Infants with CS frequently have polyhydramnios in utero and are born prematurely but large for their gestational age. Children with CS have coarser facial features than those with NS, as well as macrocephaly, prominent foreheads, epicanthal folds, short noses and low-set, posteriorly rotated ears (Goodwin et al., 2014). Patients fail to thrive in the perinatal period due to swallowing difficulties and increased energy expenditure, and the gastrointestinal involvement progresses to include gastrointestinal reflux, oral aversion and constipation (Leoni et al., 2016). CS patients have unique dermatological abnormalities including cutaneous papillomas (Siegel et al., 2012), as well as a variety of musculoskeletal abnormalities, such as hypotonia, elbow contractures and laxity of the small joints (Leoni et al., 2021). Like NS, CS also causes congenital heart defects, including HCM, septal defects and arrhythmias (Lin et al., 2011).
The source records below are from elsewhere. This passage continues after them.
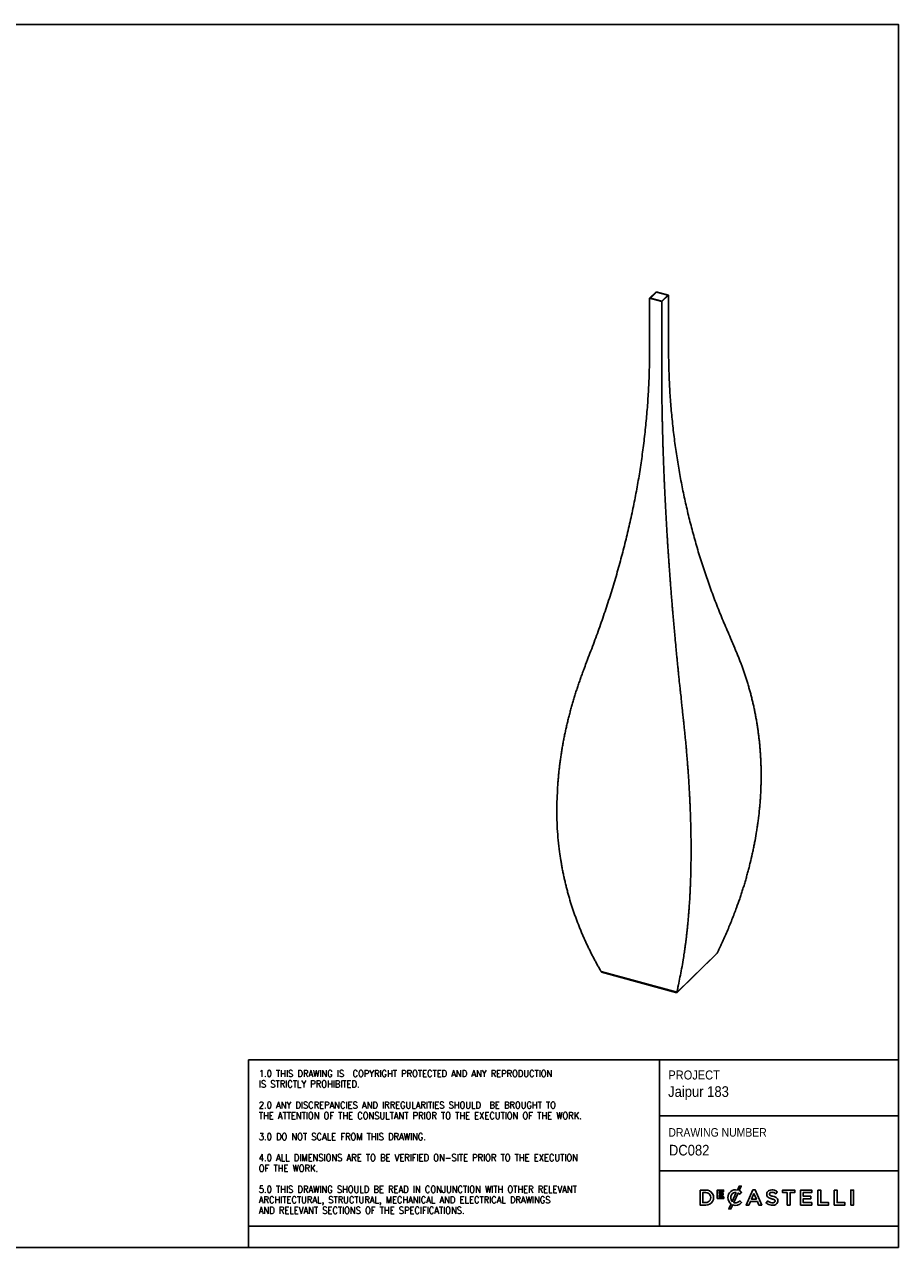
# Model space of a CAD drawing. Header units: millimetres. Extents: x 179 to 4279, y 43 to 2913.
# Tile 2 of 2: x 2229 to 4279, y 43 to 2913. Entities that reach past the tile are written whole.
import ezdxf

# ---------------------------------------------------------------- set-up
doc = ezdxf.new("R2010")
doc.units = ezdxf.units.MM
doc.header["$LTSCALE"] = 10
doc.linetypes.add('SLD-Solido', pattern=[0])
doc.layers.add('NOTE', color=3, linetype='SLD-Solido')
doc.layers.add('SCHIZZI', color=9, linetype='Continuous')
doc.styles.add('SLDTEXTSTYLE0', font='Gothic.ttf', dxfattribs={"width": 0.913})
doc.styles.add('SLDTEXTSTYLE1', font='romans__.ttf', dxfattribs={"width": 0.893})

msp = doc.modelspace()

# ---------------------------------------------------------------- linework, layer by layer
for p, q in [((3710.44, 2286.04), (3695.04, 2271.01)), ((3695.04, 2271.01), (3695.04, 2154.89)), ((3695.04, 2271.01), (3724.23, 2263.08)), ((3711.07, 2285), (3697.07, 2271.33)), ((3697.07, 2271.33), (3723.6, 2264.12)), ((3739.63, 2278.11), (3710.44, 2286.04)), ((3737.6, 2277.78), (3711.07, 2285)), ((3723.6, 2264.12), (3737.6, 2277.78)), ((3724.23, 2263.08), (3739.63, 2278.11)), ((3739.63, 2278.11), (3739.62, 2162)), ((3695.69, 2137.86), (3695.69, 2137.85)), ((3722.87, 2129.56), (3722.87, 2129.55)), ((3723.57, 2130.24), (3723.57, 2130.23)), ((3739.68, 2144.25), (3739.68, 2144.24)), ((3894.81, 1449.85), (3885.27, 1473.56)), ((3956.71, 1144.23), (3956.7, 1143.15)), ((3792.41, 982.27), (3792.41, 981.19)), ((3793.11, 982.97), (3793.11, 982.52)), ((3759.11, 641.39), (3852.44, 732.49)), ((3853.7, 734.32), (3759.7, 642.57)), ((3852.44, 732.49), (3852.44, 733.09)), ((3759.7, 642.57), (3581.56, 690.98)), ((3582.22, 689.46), (3582.22, 690.8)), ((3582.22, 689.46), (3759.11, 641.39)), ((3759.11, 641.39), (3759.11, 642.73))]:
    msp.add_line(p, q)
at = {"flags": 128}
for points in [[(3724.23, 2263.08), (3723.6, 2141.35), (3723.59, 2139.13), (3723.59, 2136.91), (3723.58, 2134.69), (3723.58, 2132.46), (3723.57, 2130.24)], [(3695.04, 2155.02), (3695.04, 2152.8), (3695.04, 2150.58), (3695.04, 2148.37), (3695.03, 2146.15), (3695.02, 2143.94), (3695.01, 2141.72), (3695, 2139.51), (3694.99, 2137.3)], [(3739.62, 2162), (3739.62, 2159.78), (3739.63, 2157.56), (3739.63, 2155.34), (3739.64, 2153.13), (3739.64, 2150.91), (3739.65, 2148.69), (3739.67, 2146.47), (3739.68, 2144.25)], [(3723.65, 2130.24), (3723.64, 2132.46), (3723.63, 2134.69), (3723.62, 2136.91), (3723.61, 2139.13), (3723.6, 2141.35), (3723.6, 2142.76)]]:
    msp.add_lwpolyline(points, dxfattribs=at)
for points, knots in [([(3694.99, 2137.3), (3694.98, 2136.43), (3694.95, 2132.11), (3694.75, 2113.94), (3693.93, 2082.73), (3691.85, 2040.97), (3688.77, 1999.07), (3684.69, 1957.05), (3679.67, 1915.4), (3673.77, 1874.19), (3667.03, 1833.42), (3659.37, 1792.59), (3650.79, 1751.7), (3641.32, 1710.78), (3630.91, 1669.74), (3619.58, 1628.6), (3607.33, 1587.37), (3594.18, 1546.18), (3580.15, 1505.05), (3565.3, 1463.97), (3554.7, 1436.69), (3549.4, 1423.05)], [0, 0, 0, 0, 0.0036677, 0.0183386, 0.0770254, 0.1357258, 0.1944262, 0.2532357, 0.3120452, 0.36884, 0.4256408, 0.4824357, 0.5394453, 0.5964609, 0.6534707, 0.7111202, 0.7687757, 0.8264255, 0.8842817, 0.9421436, 1, 1, 1, 1]), ([(3723.57, 2130.23), (3723.57, 2129.37), (3723.55, 2125.07), (3723.53, 2113.86), (3723.54, 2100), (3723.59, 2086.08), (3723.65, 2075.61), (3723.72, 2065.11), (3723.82, 2054.59), (3723.93, 2044.03), (3724.06, 2033.45), (3724.22, 2022.83), (3724.39, 2012.19), (3724.58, 2001.52), (3724.79, 1990.82), (3725.02, 1980.1), (3725.35, 1965.77), (3725.73, 1951.38), (3726.13, 1936.94), (3726.46, 1926.08), (3726.81, 1915.2), (3727.17, 1904.3), (3727.55, 1893.37), (3727.96, 1882.41), (3728.38, 1871.44), (3728.82, 1860.44), (3729.28, 1849.41), (3729.76, 1838.36), (3730.25, 1827.29), (3730.77, 1816.2), (3731.48, 1801.38), (3732.23, 1786.52), (3733.02, 1771.62), (3733.63, 1760.42), (3734.26, 1749.2), (3734.91, 1737.96), (3735.57, 1726.7), (3736.25, 1715.42), (3736.96, 1704.13), (3737.68, 1692.81), (3738.41, 1681.48), (3739.17, 1670.13), (3739.95, 1658.76), (3740.74, 1647.37), (3741.82, 1632.17), (3742.94, 1616.93), (3744.09, 1601.66), (3744.98, 1590.2), (3745.88, 1578.71), (3746.8, 1567.22), (3747.73, 1555.7), (3748.69, 1544.18), (3749.66, 1532.64), (3750.65, 1521.08), (3751.65, 1509.51), (3752.68, 1497.93), (3753.72, 1486.34), (3755.13, 1470.87), (3756.58, 1455.37), (3758.06, 1439.85), (3759.18, 1428.19), (3760.33, 1416.53), (3761.49, 1404.86), (3762.67, 1393.17), (3764.11, 1379.04), (3765.18, 1368.79), (3765.84, 1362.44)], [0, 0, 0, 0, 0.0036297, 0.0181484, 0.0471862, 0.061705, 0.0762237, 0.0907425, 0.1052612, 0.11978, 0.1342987, 0.1488174, 0.1633362, 0.1778549, 0.1923737, 0.2068924, 0.2214112, 0.250449, 0.2649677, 0.2794865, 0.2940052, 0.308524, 0.3230427, 0.3375614, 0.3520802, 0.3665989, 0.3811177, 0.3956364, 0.4101552, 0.4246739, 0.4391927, 0.4682304, 0.4827492, 0.4972679, 0.5117867, 0.5263054, 0.5408242, 0.5553429, 0.5698617, 0.5843804, 0.5988991, 0.6134179, 0.6279366, 0.6424554, 0.6569741, 0.6860119, 0.7005306, 0.7150494, 0.7295681, 0.7440868, 0.7586056, 0.7731243, 0.7876431, 0.8021618, 0.8166805, 0.8311993, 0.845718, 0.8602368, 0.8892745, 0.9037932, 0.918312, 0.9328307, 0.9473495, 0.9618682, 0.9763869, 1, 1, 1, 1]), ([(3739.68, 2144.24), (3739.69, 2143.37), (3739.72, 2139.03), (3739.92, 2120.83), (3740.74, 2089.7), (3742.82, 2048.38), (3745.9, 2007.25), (3749.98, 1966.32), (3754.99, 1926.08), (3760.89, 1886.56), (3767.64, 1847.77), (3775.3, 1809.21), (3783.87, 1770.9), (3793.35, 1732.85), (3803.75, 1694.98), (3815.08, 1657.31), (3827.34, 1619.86), (3840.48, 1582.74), (3854.52, 1545.96), (3869.36, 1509.5), (3879.97, 1485.54), (3885.27, 1473.56)], [0, 0, 0, 0, 0.0036677, 0.0183386, 0.0770254, 0.1357258, 0.1944262, 0.2532357, 0.3120452, 0.36884, 0.4256408, 0.4824357, 0.5394453, 0.5964609, 0.6534707, 0.7111202, 0.7687757, 0.8264255, 0.8842817, 0.9421436, 1, 1, 1, 1]), ([(3894.81, 1449.85), (3895.13, 1449.1), (3896.77, 1445.35), (3899.66, 1438.57), (3903.4, 1429.47), (3907.02, 1420.32), (3910.53, 1411.1), (3913.91, 1401.83), (3917.17, 1392.5), (3920.3, 1383.12), (3923.31, 1373.68), (3926.2, 1364.18), (3928.97, 1354.64), (3931.6, 1345.04), (3934.11, 1335.4), (3936.1, 1327.32), (3938, 1319.21), (3939.82, 1311.07), (3941.88, 1301.26), (3943.81, 1291.4), (3945.6, 1281.5), (3947.26, 1271.55), (3948.8, 1261.57), (3949.96, 1253.21), (3951.04, 1244.83), (3952.04, 1236.43), (3953.1, 1226.31), (3954.03, 1216.15), (3954.82, 1205.96), (3955.48, 1195.74), (3956, 1185.49), (3956.39, 1175.11), (3956.65, 1164.61), (3956.71, 1157.52), (3956.74, 1153.98)], [0, 0, 0, 0, 0.0082492, 0.0412463, 0.0742434, 0.1072405, 0.1402377, 0.1732348, 0.206232, 0.2392291, 0.2722263, 0.3052235, 0.3382206, 0.3712178, 0.404215, 0.4372121, 0.4537105, 0.4867077, 0.5197049, 0.5527021, 0.5856993, 0.6186965, 0.6516937, 0.6846909, 0.7011893, 0.7341865, 0.7671837, 0.8001809, 0.8331781, 0.8661753, 0.8991726, 0.9321698, 0.9660824, 1, 1, 1, 1]), ([(3539.86, 1397.03), (3539.53, 1396.16), (3537.89, 1391.78), (3535, 1383.9), (3531.26, 1373.37), (3527.64, 1362.83), (3524.14, 1352.27), (3520.76, 1341.7), (3517.5, 1331.12), (3514.37, 1320.53), (3511.35, 1309.94), (3508.46, 1299.33), (3505.7, 1288.72), (3503.06, 1278.1), (3500.56, 1267.48), (3498.57, 1258.62), (3496.67, 1249.77), (3494.85, 1240.91), (3492.79, 1230.29), (3490.86, 1219.67), (3489.07, 1209.05), (3487.4, 1198.44), (3485.87, 1187.84), (3484.71, 1179.01), (3483.63, 1170.18), (3482.63, 1161.36), (3481.56, 1150.79), (3480.64, 1140.24), (3479.84, 1129.7), (3479.19, 1119.17), (3478.66, 1108.67), (3477.36, 1077.64)], [0, 0, 0, 0, 0.0082492, 0.0412463, 0.0742434, 0.1072405, 0.1402377, 0.1732348, 0.206232, 0.2392291, 0.2722263, 0.3052235, 0.3382206, 0.3712178, 0.404215, 0.4372121, 0.4537105, 0.4867077, 0.5197049, 0.5527021, 0.5856993, 0.6186965, 0.6516937, 0.6846909, 0.7011893, 0.7341865, 0.7671837, 0.8001809, 0.8331781, 0.8661753, 1, 1, 1, 1]), ([(3765.84, 1362.44), (3765.94, 1361.46), (3766.46, 1356.58), (3767.29, 1349.13), (3768.34, 1340.1), (3768.97, 1334.96), (3769.29, 1332.39)], [0, 0, 0, 0, 0.0972273, 0.4861399, 0.7430659, 1, 1, 1, 1]), ([(3769.24, 1332.48), (3771.8, 1305.59), (3773.14, 1293.88), (3774.44, 1282.19), (3775.7, 1270.52), (3776.92, 1258.89), (3778.09, 1247.29), (3779.21, 1235.72), (3780.3, 1224.18), (3781.33, 1212.68), (3782.33, 1201.21), (3783.27, 1189.79), (3784.02, 1180.3), (3784.75, 1170.84), (3785.44, 1161.4), (3786.23, 1150.12), (3786.97, 1138.89), (3787.66, 1127.71), (3788.31, 1116.57), (3788.91, 1105.49), (3789.37, 1096.3), (3789.8, 1087.14), (3790.21, 1078.01), (3790.64, 1067.12), (3791.03, 1056.29), (3791.37, 1045.51), (3791.67, 1034.8), (3791.91, 1024.15), (3792.11, 1013.47), (3792.26, 1002.76), (3792.33, 995.61), (3792.36, 992.03)], [0, 0, 0, 0, 0.1072405, 0.1402377, 0.1732348, 0.206232, 0.2392291, 0.2722263, 0.3052235, 0.3382206, 0.3712178, 0.404215, 0.4372121, 0.4537105, 0.4867077, 0.5197049, 0.5527021, 0.5856993, 0.6186965, 0.6516937, 0.6846909, 0.7011893, 0.7341865, 0.7671837, 0.8001809, 0.8331781, 0.8661753, 0.8991726, 0.9321698, 0.9660824, 1, 1, 1, 1]), ([(3956.74, 1153.98), (3956.74, 1153.12), (3956.75, 1149.88), (3956.73, 1146.63), (3956.71, 1144.23)], [0, 0, 0, 0, 0.2632058, 1, 1, 1, 1]), ([(3956.7, 1143.15), (3956.69, 1142.28), (3956.65, 1137.96), (3956.53, 1131.89), (3956.32, 1124.95), (3956.07, 1118.01), (3955.75, 1111.05), (3955.37, 1104.08), (3955.05, 1098.85), (3954.57, 1091.87), (3953.89, 1083.14), (3952.62, 1069.15), (3951.09, 1055.12), (3949.29, 1041.08), (3947.8, 1030.54), (3945.64, 1016.47), (3943.22, 1002.39), (3940.53, 988.31), (3938.39, 977.74), (3935.35, 963.65), (3932.06, 949.57), (3928.52, 935.49), (3925.73, 924.93), (3923.31, 916.14), (3920.8, 907.35), (3918.74, 900.33), (3916.61, 893.31), (3914.99, 888.05), (3912.78, 881.03), (3910.51, 874.03), (3908.18, 867.03), (3904.62, 856.53), (3898.24, 838.47), (3888.51, 812.93), (3877.07, 785.19), (3868.05, 764.85), (3862.01, 751.79), (3858.37, 744.01), (3855.57, 738.2), (3853.7, 734.32)], [0, 0, 0, 0, 0.00640526, 0.03202674, 0.04483731, 0.05764788, 0.08326936, 0.09607993, 0.1088905, 0.12170107, 0.14732255, 0.17294402, 0.22418965, 0.24981112, 0.27543259, 0.30105406, 0.35229961, 0.37792107, 0.40354253, 0.42916398, 0.48040942, 0.50603087, 0.53165231, 0.55727375, 0.57008431, 0.59570575, 0.60851631, 0.62132687, 0.63413744, 0.65975886, 0.67256942, 0.68537999, 0.73662514, 0.80502468, 0.87343862, 0.94183918, 0.95637816, 0.97091714, 1, 1, 1, 1]), ([(3581.56, 690.98), (3581.14, 691.71), (3579.03, 695.31), (3576.12, 700.38), (3572.86, 706.21), (3570.44, 710.59), (3567.24, 716.45), (3564.11, 722.35), (3561.03, 728.27), (3558.75, 732.73), (3555.74, 738.69), (3552.8, 744.68), (3549.91, 750.7), (3547.77, 755.22), (3544.96, 761.28), (3541.52, 768.89), (3537.52, 778.07), (3533.63, 787.3), (3528.61, 799.69), (3523.83, 812.18), (3519.31, 824.78), (3516.04, 834.27), (3511.85, 847), (3507.91, 859.82), (3504.24, 872.74), (3501.61, 882.47), (3499.53, 890.62), (3497.93, 897.16), (3496.38, 903.71), (3494.89, 910.29), (3493.47, 916.88), (3492.44, 921.84), (3491.1, 928.46), (3489.84, 935.1), (3488.64, 941.76), (3487.78, 946.76), (3486.12, 956.79), (3483.55, 974.14), (3480.68, 998.98), (3478.56, 1026.29), (3477.41, 1052.52), (3477.38, 1069.69), (3477.36, 1077.64)], [0, 0, 0, 0, 0.0062398, 0.03119931, 0.04367894, 0.05615857, 0.06863821, 0.09359773, 0.10607736, 0.11855699, 0.13103663, 0.15599616, 0.16847579, 0.18095543, 0.19343506, 0.2183946, 0.24335415, 0.2683137, 0.29327326, 0.34319466, 0.36815423, 0.3931138, 0.41807337, 0.46799492, 0.49295451, 0.51791409, 0.54287368, 0.55535333, 0.56783297, 0.59279256, 0.60527221, 0.61775185, 0.63023149, 0.65519109, 0.66767074, 0.68015038, 0.69263002, 0.74255182, 0.80920111, 0.87586694, 0.94251597, 1, 1, 1, 1]), ([(3792.41, 981.19), (3792.41, 980.33), (3792.42, 976.03), (3792.42, 970.03), (3792.38, 963.21), (3792.34, 956.42), (3792.27, 949.66), (3792.17, 942.94), (3792.09, 937.92), (3791.97, 931.25), (3791.78, 922.96), (3791.42, 909.81), (3790.96, 896.81), (3790.41, 883.98), (3789.95, 874.44), (3789.27, 861.84), (3788.5, 849.4), (3787.64, 837.14), (3786.95, 828.04), (3785.96, 816.02), (3784.89, 804.18), (3783.72, 792.53), (3782.8, 783.88), (3782, 776.75), (3781.17, 769.68), (3780.48, 764.08), (3779.77, 758.52), (3779.23, 754.37), (3778.49, 748.88), (3777.73, 743.43), (3776.95, 738.03), (3775.76, 729.98), (3773.61, 716.32), (3770.32, 697.48), (3766.43, 677.64), (3763.35, 663.52), (3762.32, 657.33), (3760.77, 649.28), (3760.34, 645.8), (3759.7, 642.57)], [0, 0, 0, 0, 0.0064053, 0.0320267, 0.0448373, 0.0576479, 0.0832694, 0.0960799, 0.1088905, 0.1217011, 0.1473225, 0.172944, 0.2241897, 0.2498111, 0.2754326, 0.3010541, 0.3522996, 0.3779211, 0.4035425, 0.429164, 0.4804094, 0.5060309, 0.5316523, 0.5572737, 0.5700843, 0.5957057, 0.6085163, 0.6213269, 0.6341374, 0.6597589, 0.6725694, 0.68538, 0.7366251, 0.8050247, 0.8734386, 0.9418392, 0.9563782, 0.9709171, 1, 1, 1, 1]), ([(3792.36, 992.03), (3792.36, 991.18), (3792.39, 987.91), (3792.4, 984.67), (3792.41, 982.27)], [0, 0, 0, 0, 0.2632058, 1, 1, 1, 1])]:
    msp.add_open_spline(points, degree=3, knots=knots)
msp.add_open_spline([(3549.4, 1423.05), (3542.62, 1404.36), (3540.91, 1399.82), (3539.86, 1397.03)], degree=3)
at = {"layer": 'SCHIZZI', "color": 7}
for p, q in [((3718.72, 483.63), (3718.72, 93.39)), ((3718.72, 352.82), (4278.96, 352.82)), ((3718.72, 223.17), (4278.97, 223.17)), ((3910.76, 173.27), (3910.64, 173.38)), ((3878.7, 160.48), (3878.7, 160.55)), ((3910.89, 148.67), (3911.01, 148.8)), ((2754.54, 93.39), (2754.54, 43.39))]:
    msp.add_line(p, q, dxfattribs=at)
for points in [[(4278.98, 43.39), (4278.79, 2913.39), (178.98, 2913.39), (178.98, 43.39)], [(3867.48, 166.41), (3867.48, 170.23), (3858.26, 170.23), (3858.26, 174.2), (3868.73, 174.2), (3868.73, 178.02), (3853.99, 178.02), (3853.99, 158.48), (3868.87, 158.48), (3868.87, 162.3), (3858.26, 162.3), (3858.26, 166.41)], [(3936.91, 178.51), (3921.41, 143.04), (3928.07, 143.04), (3931.66, 151.46), (3947.92, 151.46), (3951.46, 143.04), (3958.32, 143.04), (3942.86, 178.41), (3942.82, 178.51)], [(4017.97, 172.24), (4017.97, 143.04), (4024.5, 143.04), (4024.5, 172.24), (4035.56, 172.24), (4035.56, 178.26), (4006.91, 178.26), (4006.91, 172.24)], [(4073.13, 157.89), (4073.13, 163.72), (4055.64, 163.72), (4055.64, 172.43), (4075.37, 172.43), (4075.37, 178.27), (4049.16, 178.27), (4049.16, 143.04), (4075.62, 143.04), (4075.62, 148.87), (4055.64, 148.87), (4055.64, 157.89)], [(4090.02, 178.26), (4090.02, 143.04), (4114.83, 143.04), (4114.83, 148.97), (4096.5, 148.97), (4096.5, 178.26)], [(4128.34, 178.26), (4128.34, 143.04), (4153.15, 143.04), (4153.15, 148.97), (4134.81, 148.97), (4134.81, 178.26)], [(4167, 143.04), (4173.48, 143.04), (4173.48, 178.27), (4167, 178.27)], [(3939.76, 170.57), (3945.53, 157.24), (3934.05, 157.24)]]:
    msp.add_lwpolyline(points, close=True, dxfattribs=at)
msp.add_lwpolyline([(4278.98, 93.39), (2754.54, 93.39), (2754.54, 483.63), (4278.95, 483.63)], dxfattribs=at)
for points in [[(3813.5, 178.26), (3813.5, 143.04), (3826.68, 143.04, 1.0555946), (3826.68, 178.26)], [(3826.68, 148.97, 1.0217676), (3826.68, 172.33), (3819.98, 172.33), (3819.98, 148.97)], [(3886.12, 145.69, -0.2366566), (3878.7, 160.48, -0.4912249), (3901.07, 178.32), (3905.31, 187.62), (3910.19, 187.62), (3905.34, 176.97, -0.086931), (3910.76, 173.27), (3906.59, 168.47, 0.0663381), (3902.71, 171.36), (3892.63, 149.23, 0.1655168), (3900.19, 148.84, 0.1312269), (3906.83, 153.02), (3911.01, 148.8, -0.3118527), (3890.07, 143.6), (3885.75, 134.11), (3880.85, 134.11)], [(3898.46, 172.76, 0.3275059), (3886.87, 166.78, 0.3064575), (3888.89, 151.76)], [(3970.31, 171.66, 0.1311188), (3970.05, 165.82, 0.1847876), (3972.88, 161.24, 0.0813504), (3976.87, 159.11, 0.0253736), (3979.91, 158.16, -0.009562), (3980.53, 157.99, 0.0143707), (3981.68, 157.72, -0.0350168), (3985.6, 156.61, -0.0561266), (3987.75, 155.6, -0.1416688), (3989.09, 154.19, -0.1598738), (3989.31, 151.56, -0.1633528), (3988.12, 149.66, -0.144581), (3984.65, 148.31, -0.1006576), (3979.05, 148.88, -0.1170031), (3972.37, 152.85), (3968.46, 148.2, 0.1231981), (3977.66, 143.25, 0.0728853), (3984.15, 142.58, 0.1248), (3991.16, 144.55, 0.1648919), (3995.03, 148.95, 0.1911522), (3995.02, 157.46, 0.1722296), (3990.29, 161.68, 0.058826), (3984.47, 163.64, -0.0294775), (3980, 164.92, -0.0881481), (3977.4, 166.28, -0.1640119), (3976.3, 168.05, -0.2055022), (3976.83, 171.09, -0.1823737), (3980, 172.9, -0.0938067), (3984.33, 172.77, -0.1104678), (3991.13, 169.43), (3994.61, 174.34, 0.0810841), (3988.34, 177.72, 0.0784937), (3981.83, 178.7, 0.1100768), (3975.5, 177.35, 0.2034911)]]:
    msp.add_lwpolyline(points, format="xyb", close=True, dxfattribs=at)

# ---------------------------------------------------------------- texts
at = {"layer": 'NOTE', "color": 7, "attachment_point": 1}
for s, insert, char_height, style in [('1.0 THIS DRAWING IS  COPYRIGHT PROTECTED AND ANY REPRODUCTION', (2778.65, 459.69), 16, 'SLDTEXTSTYLE1'), ('PROJECT', (3739.24, 458.88), 21.167, 'SLDTEXTSTYLE0'), ('IS STRICTLY PROHIBITED.', (2778.65, 435), 16, 'SLDTEXTSTYLE1'), ('Jaipur 183', (3738.57, 421.86), 25, 'SLDTEXTSTYLE0'), ('2.0 ANY DISCREPANCIES AND IRREGULARITIES SHOULD  BE BROUGHT TO ', (2778.65, 385.61), 16, 'SLDTEXTSTYLE1'), ('THE ATTENTION OF THE CONSULTANT PRIOR TO THE EXECUTION OF THE WORK.', (2778.65, 360.92), 16, 'SLDTEXTSTYLE1'), ('DRAWING NUMBER', (3739.24, 323.59), 20, 'SLDTEXTSTYLE0'), ('3.0 DO NOT SCALE FROM THIS DRAWING.', (2778.65, 311.53), 16, 'SLDTEXTSTYLE1'), ('4.0 ALL DIMENSIONS ARE TO BE VERIFIED ON-SITE PRIOR TO THE EXECUTION ', (2778.65, 262.14), 16, 'SLDTEXTSTYLE1'), (' DC082', (3731.93, 284.39), 25, 'SLDTEXTSTYLE0'), ('OF THE WORK.', (2778.65, 237.44), 16, 'SLDTEXTSTYLE1'), ('5.0 THIS DRAWING SHOULD BE READ IN CONJUNCTION WITH OTHER RELEVANT ', (2778.65, 188.06), 16, 'SLDTEXTSTYLE1'), ('ARCHITECTURAL, STRUCTURAL, MECHANICAL AND ELECTRICAL DRAWINGS ', (2778.65, 163.36), 16, 'SLDTEXTSTYLE1'), ('AND RELEVANT SECTIONS OF THE SPECIFICATIONS.', (2778.65, 138.67), 16, 'SLDTEXTSTYLE1')]:
    msp.add_mtext(s, dxfattribs=dict(at, insert=insert, char_height=char_height, style=style))

doc.saveas('drawing.dxf')

Patients with CS have profound cognitive deficits (Axelrad et al., 2011), as well as anatomic abnormalities of the central nervous system (Gripp et al., 2010). Importantly, they have the highest risk of developing a malignancy of any of the RASopathies patients, particularly rhabdomyosarcoma, neuroblastoma and transitional cell carcinoma of the bladder (Rauen, 2007). Although the average age at diagnosis of this bladder carcinoma in the general population is 73 years, it has been diagnosed in individuals with CS who are 20 years old or younger (Gripp, 2005). CS is therefore a classical cancer predisposition syndrome.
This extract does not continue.